12. The electronic device of claim 8, wherein the processing device is further configured to:
determine, by the first AI agent, based on the obtained text, a current value of a contextual factor of the text conversation.
13. The electronic device of claim 12, wherein:
the contextual factor comprises at least one of: a tonal factor, a temporal factor, or a factual error factor;
the processing device is further configured to:
determine that the current value of at least one of the tonal factor or the temporal factor exceeds a threshold value; and
generate the one or more suggested conversation inputs based on a predicted change of at least one of the tonal factor or the temporal factor.
14. The electronic device of claim 12, wherein:
the at least one contextual factor comprises a factual error factor; and
the processing device is further configured to:
determine that the current value of the factual error factor exceeds a threshold value; and
perform a semantic search of user data on the electronic device for data responsive associated with the current value of the factual error factor.
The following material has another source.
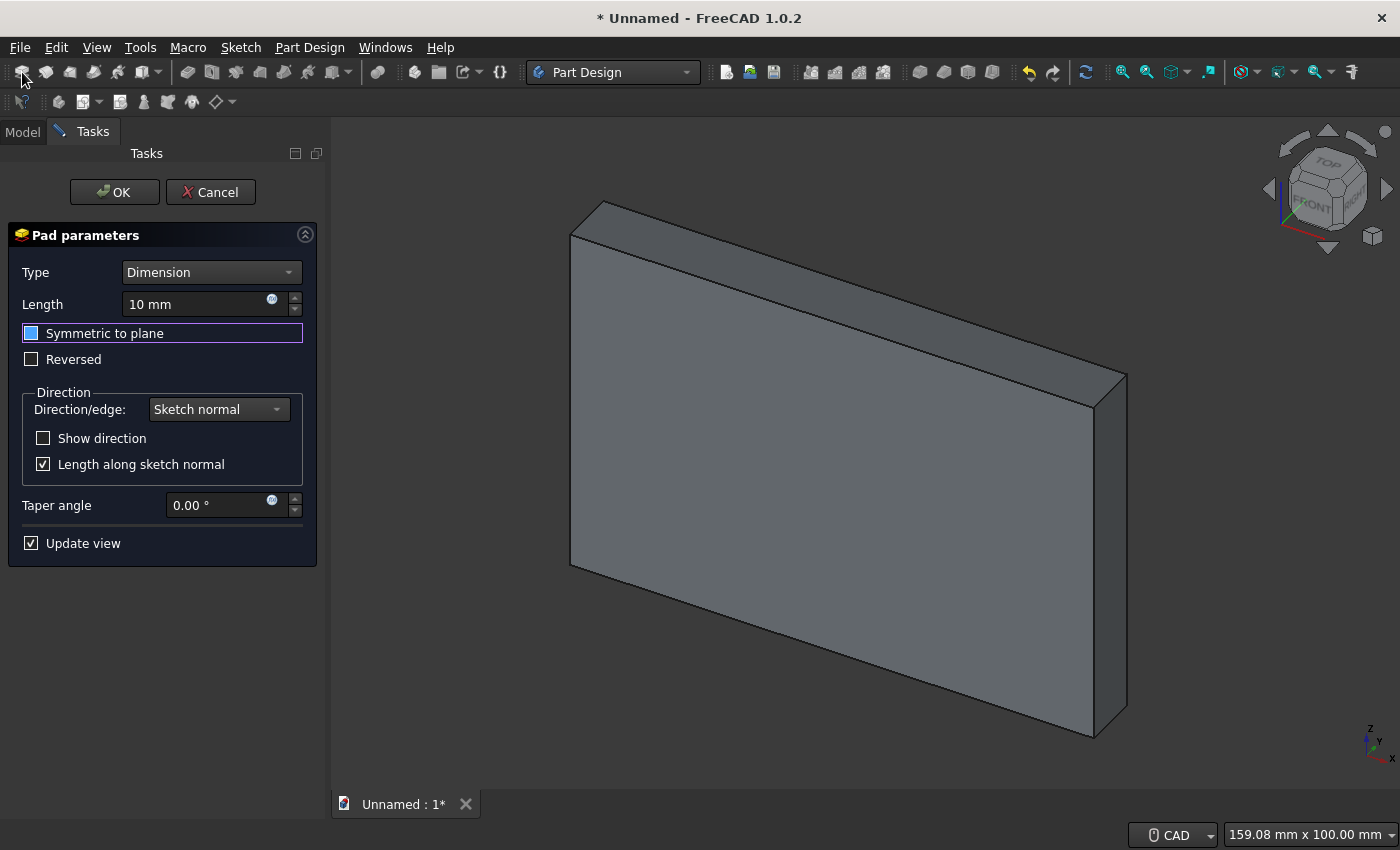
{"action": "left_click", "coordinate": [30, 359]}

15. A non-transitory, machine-readable medium containing instructions, which, when executed by a processor, cause an apparatus to:
obtain, by a first AI agent, text from a text communication application;
receive an input selecting a presentation mode for the first AI agent;
present, in the text communication application on a display, a UI of the first AI agent according to the selected presentation mode, the UI of the first AI agent identifying one or more suggested conversation inputs predictively generated by the first AI agent from the obtained text for possible inclusion in a text conversation;
receive, through the UI of the first AI agent, a selection of the one or more suggested conversation inputs; and
provide a textual response incorporating the selected one or more suggested conversation inputs,
wherein the selected presentation mode for the first AI agent comprises one of multiple presentation modes, different ones of the presentation modes associated with different levels of visibility to a plurality of participants in the text conversation.
16. The non-transitory, machine-readable medium of claim 15, wherein:
the multiple presentation modes comprise a shared mode, a hidden mode, and a companion mode;
in the shared mode, the UI of the first AI agent is visible to the plurality of participants in the text conversation;
in the hidden mode, the UI of the first AI agent is only visible at the electronic device; and
in the companion mode, the first AI agent is one of a plurality of AI agents visible to the plurality of participants in the text conversation.
17. The non-transitory, machine-readable medium of claim 15, further comprising instructions, which when executed, cause the apparatus to:
posting, by the first AI agent, a notification to the text conversation that one or more participants of the plurality of participants are using the first AI agent.
18. The non-transitory, machine-readable medium of claim 15, wherein:
the one or more suggested conversation inputs includes data maintained at a retrieval-augmented generation (RAG) database at the apparatus; and
the first AI agent comprises a semantic search engine for searching the RAG database based on the obtained text.
19. The non-transitory, machine-readable medium of claim 15, further comprising instructions, which, when executed, cause the apparatus to:
determine, by the first AI agent, based on the obtained text, a current value of a contextual factor of the text conversation.
20. The non-transitory, machine-readable medium of claim 19, wherein:
the contextual factor comprises at least one of: a tonal factor, a temporal factor, or a factual error factor; and
the instructions, which, when executed, cause the apparatus to determine, by the first AI agent, based on the obtained text, the current value of the contextual factor of the text conversation, comprise instructions, which, when executed, cause the apparatus to:
determine that the current value of at least one of the tonal factor or the temporal factor exceeds a threshold value; and
generate the one or more suggested conversation inputs based on a predicted change of at least one of the tonal factor or the temporal factor.